Besides the logarithmic transformation, there are several other transformations you can apply to skewed data to make it more normally distributed or manageable for analysis. Here are some common transformations:


**1. Square Root Transformation:**


This transformation can help reduce the skewness of moderately skewed data.


It is less aggressive than a log transformation and works well with positive values.


**2. Cube Root Transformation:**


The cube root transformation is another option for reducing skewness.


It can handle both positive and negative values, unlike the logarithmic transformation.


**3. Box-Cox Transformation:**


The Box-Cox transformation is a more flexible transformation that can be tuned by a parameter (lambda) to reduce skewness.


It requires all values to be positive and is often used to transform data closer to normality.


**4. Reciprocal Transformation:**


The reciprocal (or inverse) transformation is used when data is very positively skewed.


This transformation should be used carefully as it can overly compress larger values.


**5. Exponential Transformation:**


An exponential transformation, like raising the values to a power less than one (e.g., raising to 0.5 or 0.3), can also be used to transform data.


For heavily skewed data, this approach can moderate large values.


**Differences Between Transformation Methods and Choosing the Best One**


Data transformations adjust the distribution of skewed data. Here’s an overview of common transformations and guidance on selecting the best one for your data:

**1. Logarithmic Transformation**

**Effect:** Reduces right skewness, compressing large values more.

**Use When:** Data is positively skewed with all positive values.

**Best For:** Data with a wide range of values, clustered at the lower end.


**2. Square Root Transformation**


**Effect:** Moderately reduces skewness by compressing larger values.

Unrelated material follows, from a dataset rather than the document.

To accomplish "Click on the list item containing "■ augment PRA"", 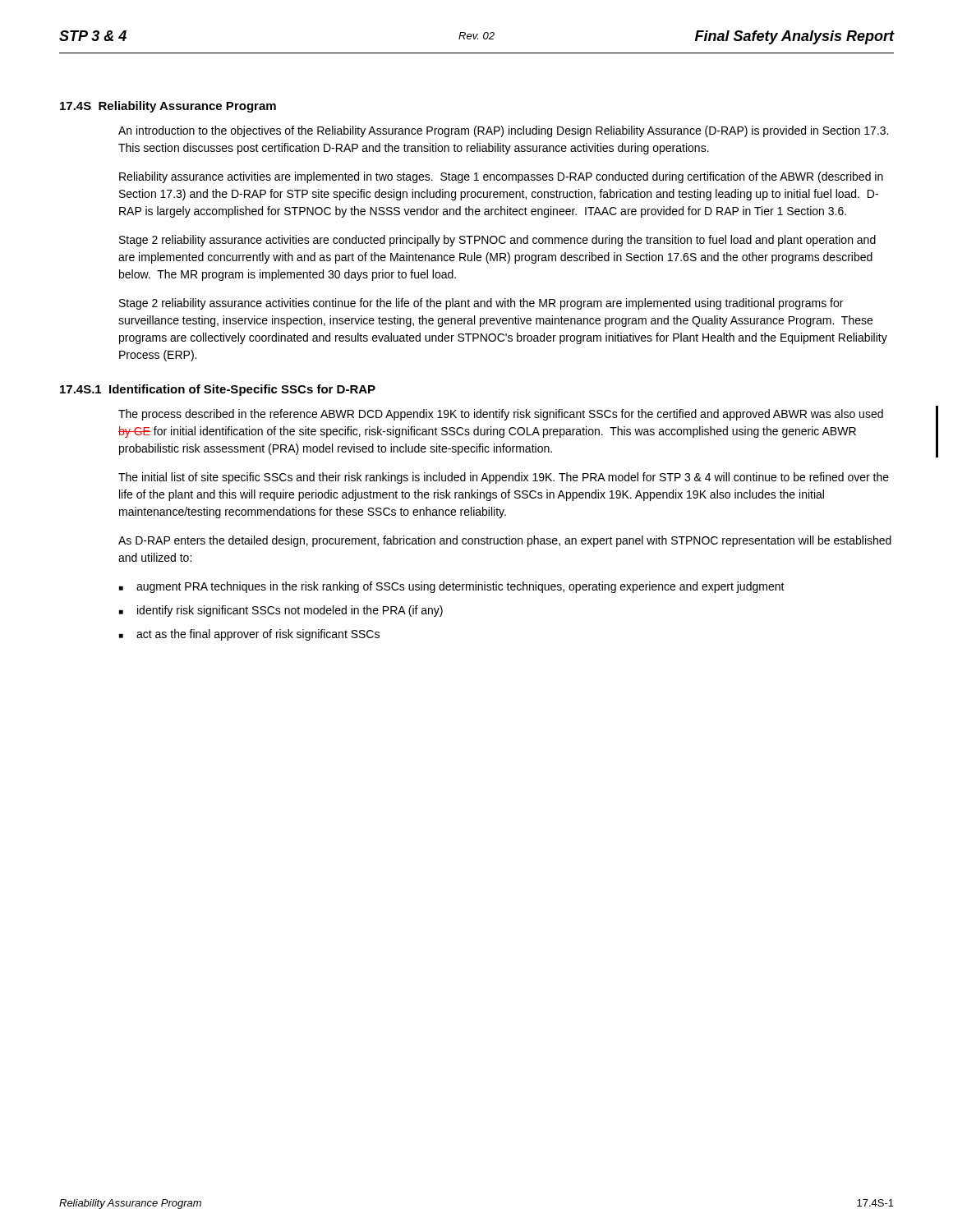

**Use When:** Data has moderate positive skewness.

**Best For:** Non-negative data needing a less aggressive transformation.


**3. Cube Root Transformation**


**Effect:** Handles both positive and negative values; gentler adjustment.

**Use When:** Data includes negatives or requires mild transformation.

**Best For:** Data with both positive and negative values or needing a softer adjustment.


**4. Box-Cox Transformation**

**Effect:** Adjusts data toward normality with a tunable parameter (lambda).

**Use When:** Data is strictly positive, aiming for normal distribution.

**Best For:** Cases requiring normality for parametric tests.

**5. Reciprocal Transformation**

**Effect:** Strongly compresses large values; can overly shrink data.


**Use When:** Data is highly skewed and all positive.


**Best For:** Extreme skewness requiring strong transformation.


**6. Exponential Transformation (Power Transformation)**


**Effect:** Uses fractional powers for milder adjustments than logs.


**Use When:** Data has moderate skewness and is non-negative.


**Best For:** Flexible, mild transformations without drastic changes.


**How to Choose the Best Transformation:**


**Visual Inspection:**

Use histograms, boxplots, or QQ plots to assess skewness.


**Statistical Tests:**

Use tests like Shapiro-Wilk or Anderson-Darling for normality.


**Try Multiple Transformations:**

Apply and visually inspect multiple transformations; use histograms or QQ plots to compare.

**Evaluate with Your Model:**

Test transformed data in your model and compare metrics like R-squared, MSE, or cross-validation scores.

**Check Distribution Characteristics:**

Evaluate mean, variance, skewness, and kurtosis of transformed data.
Context and Practicality:

Consider how interpretable and practical the transformed data is for your specific needs.